DPP v Eamonn Matthews

JurisdictionIreland
JudgeMacken J.
Judgment Date14 July 2006
Neutral Citation[2006] IECCA 103
CourtCourt of Criminal Appeal
Docket Number[CCA No. 236 of
Date14 July 2006

[2006] IECCA 103

THE COURT OF CRIMINAL APPEAL

Macken J.

Herbert J.

Haugh J.

236/04
DPP v MATTHEWS

Between:

THE PEOPLE AT THE SUIT OF THE DIRECTOR OF PUBLIC PROSECUTIONS
Prosecutor
-and-
EAMON MATTHEWS
Applicant

EXPLOSIVE SUBSTANCES ACT 1883

OFFENCES AGAINST THE STATE (AMDT) ACT 1998 S2

OFFENCES AGAINST THE STATE (AMDT) ACT 1998 S5

CONSTITUTION ART 38

EUROPEAN CONVENTION ON HUMAN RIGHTS & FUNDAMENTAL FREEDOMS ART 6

DPP v O'CALLAGHAN 2001 1 IR 584 2001 2 ILRM 184

LYNCH v JUDGE MORAN & DPP 2006 2 ILRM 447

HAUGHEY, IN RE 1971 IR 217

OFFENCES AGAINST THE STATE (AMDT) ACT 1972 S3(2)

O'LEARY v AG 1993 IR 102

DPP v KELLY 2006 2 ILRM 321

COURTS OF JUSTICE ACT 1924 S29

KOSTOVSKI v NETHERLANDS 1989 12 EHRR 434

DOORSEN v NETHERLANDS 1996 22 EHRR 330

EUROPEAN CONVENTION ON HUMAN RIGHTS ACT 2003

CRIMINAL LAW:

Evidence

Offences against State - Membership of unlawful organisation - Conviction in Special Criminal Court - Issue estoppel - Natural justice - Evidence of belief of superintendent- Whether obliged to answer questions on basis of belief - Prior acquittal on different charges - Whether evidence from previous trial admissible - Lynch v Moran [2006] IESC 31, [2006] 3 IR 389; [2006] 2 ILRM 447 and Rogers v The Queen (1994) 181 CLR 251 followed - People (DPP) v Callaghan [2001] 1 IR 584 and In re Haughey [1971] IR 217 distinguished - People (DPP) v Kelly [2006] IESC 20, [2006] 3 IR 115; [2006] 2 ILRM 321 and O'Leary v AG [1993] 1 IR 102 followed - Doorson v Netherlands (1996) 22 EHRR 330 and Kostovski v Netherlands (1989) 12 EHRR 434 considered - Offences Against the State Act 1939 (No 13) - Offences Against the State (Amendment) Act 1972 (No 26), s 3(2) - Offences Against the State (Amendment) Act 1998 (No 39), ss 2 and 5 - Constitution of Ireland 1937, Article 38 - European Convention on Human Rights, article 6 - Leave to appeal refused (236/2004 - CCA -14/7/2006) [2006] IECCA 103 People (DPP) v Matthews

Facts: The applicant was convicted by the Special Criminal Court of the offence of membership of an unlawful organisation, namely the IRA. This judgment concerned the applicant's appeal against conviction.
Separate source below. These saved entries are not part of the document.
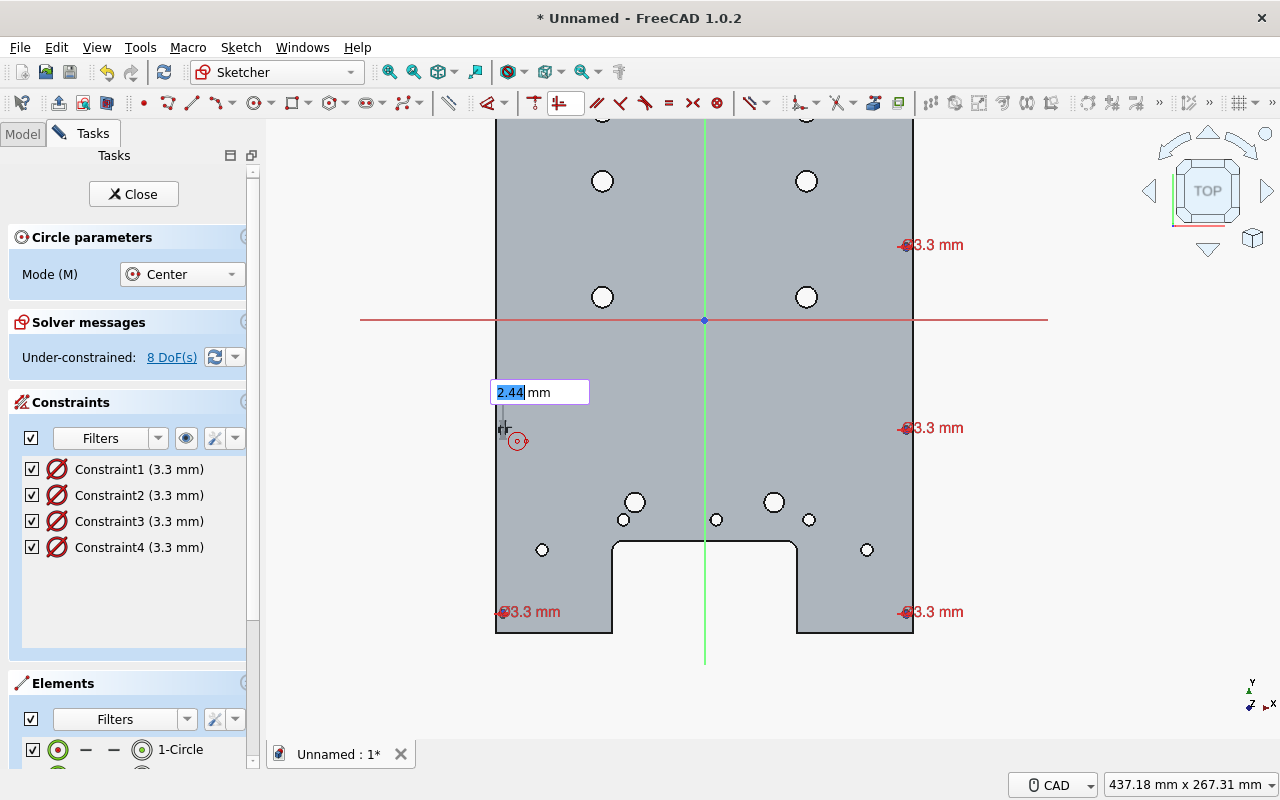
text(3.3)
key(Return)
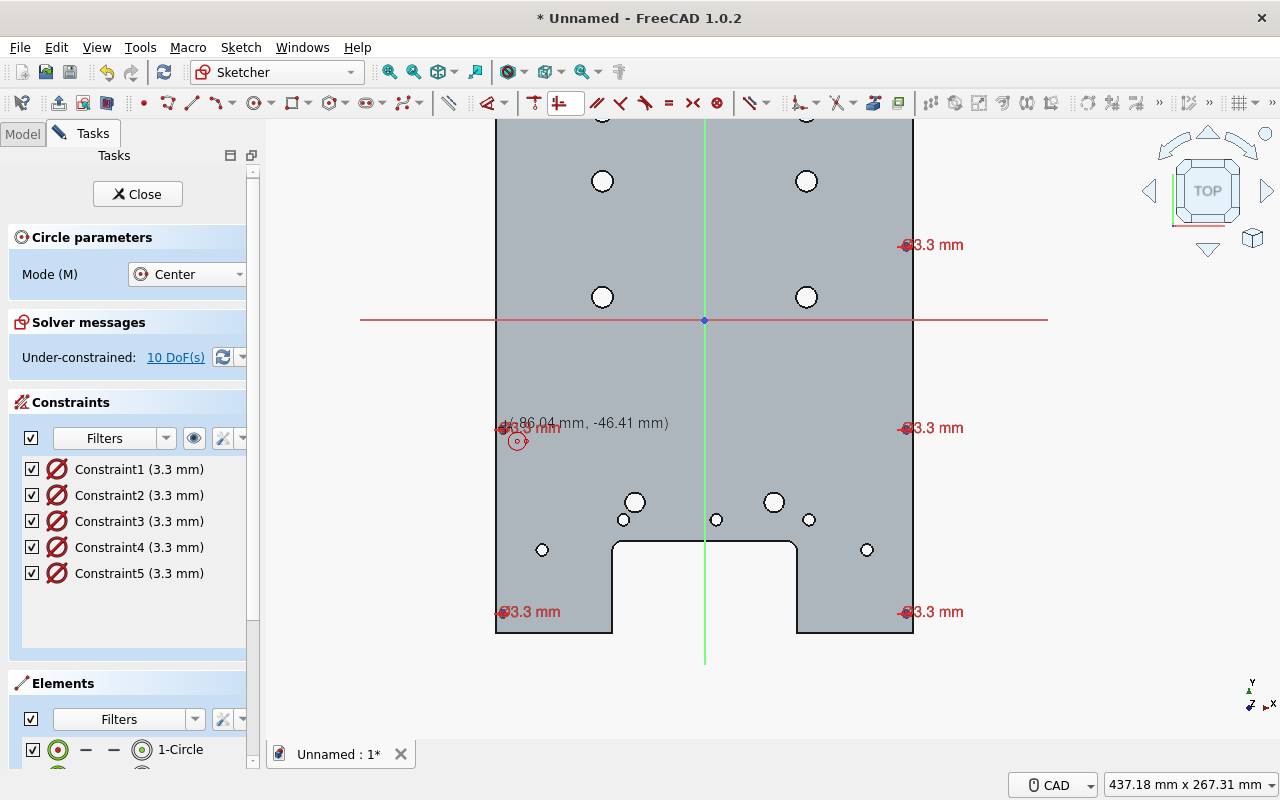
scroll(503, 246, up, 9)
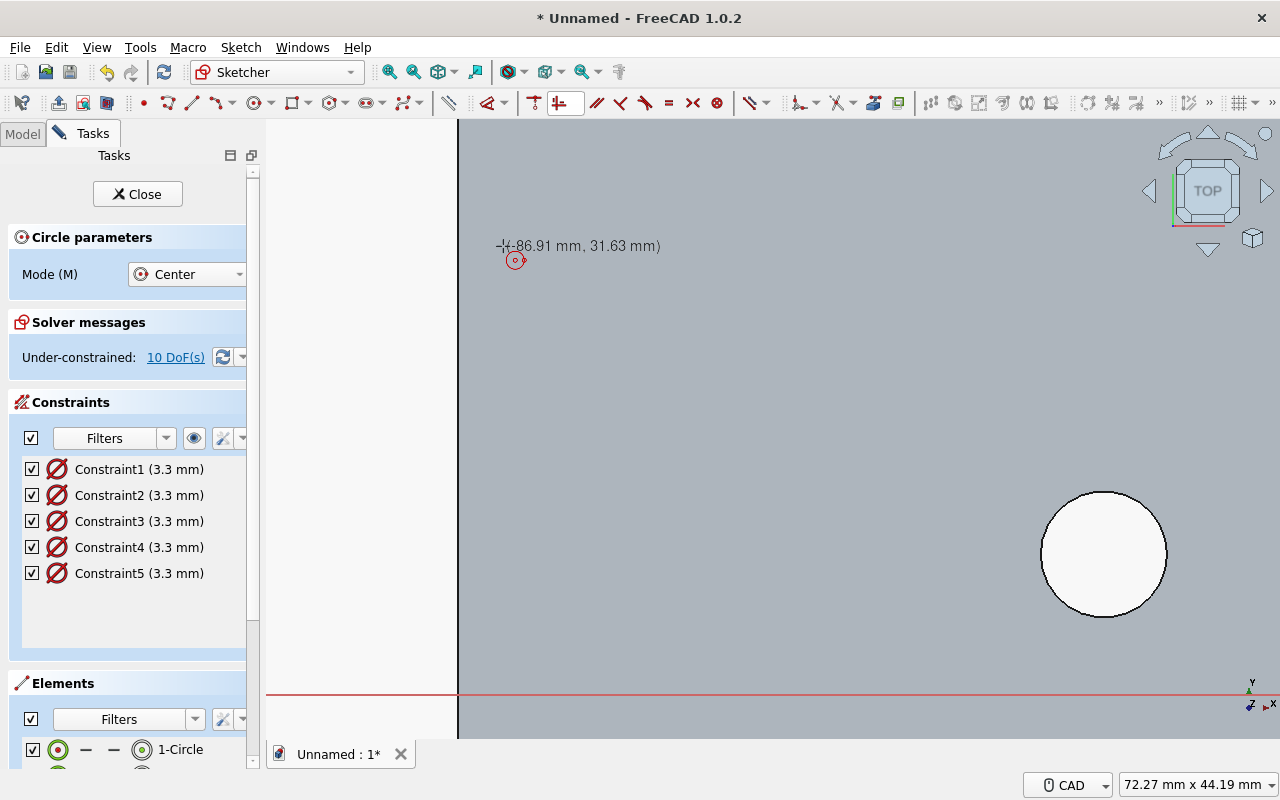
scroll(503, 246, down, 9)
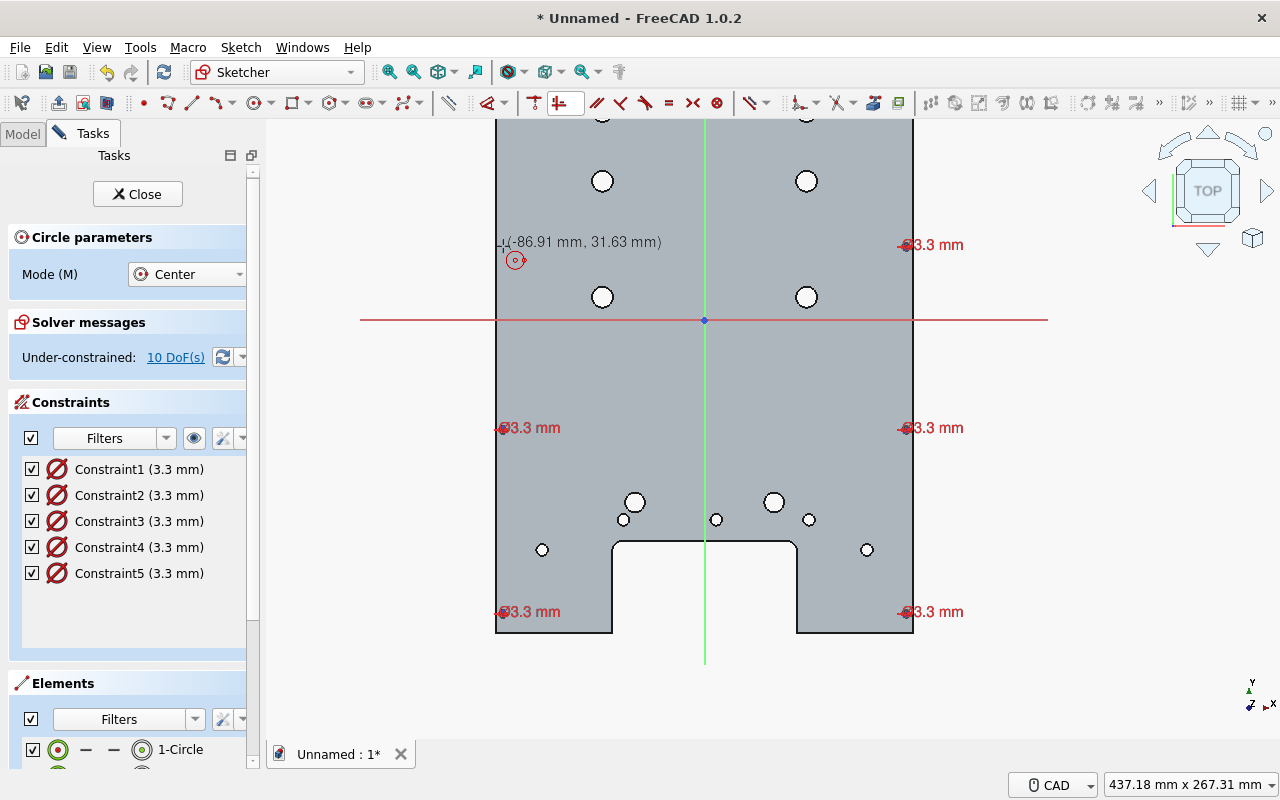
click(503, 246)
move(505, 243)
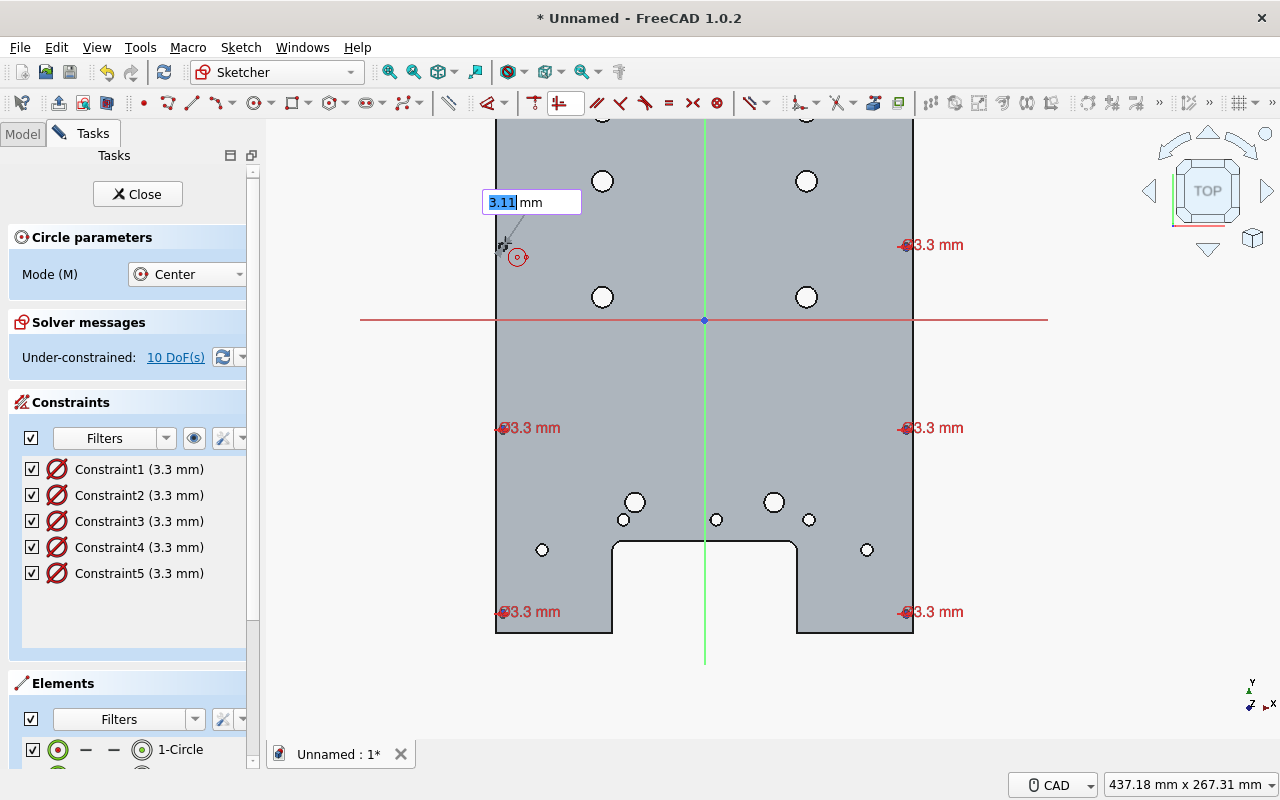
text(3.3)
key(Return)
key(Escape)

The applicant relied on a number of grounds including: the wrongful admission into evidence of the content of videos and memoranda of interviews; the wrongful use of evidence; the wrongful finding that certain evidence was capable of corroborating the belief of the Chief Superintendent; the wrongful rejection of applicant's submission that trial was not fair having regard to the lack of opportunity to test the basis of the belief of the Chief Superintendent; and the judgment of trial court was internally inconsistent since it convicted the applicant on the basis of evidence which it found to be insufficient to convict his co-accused.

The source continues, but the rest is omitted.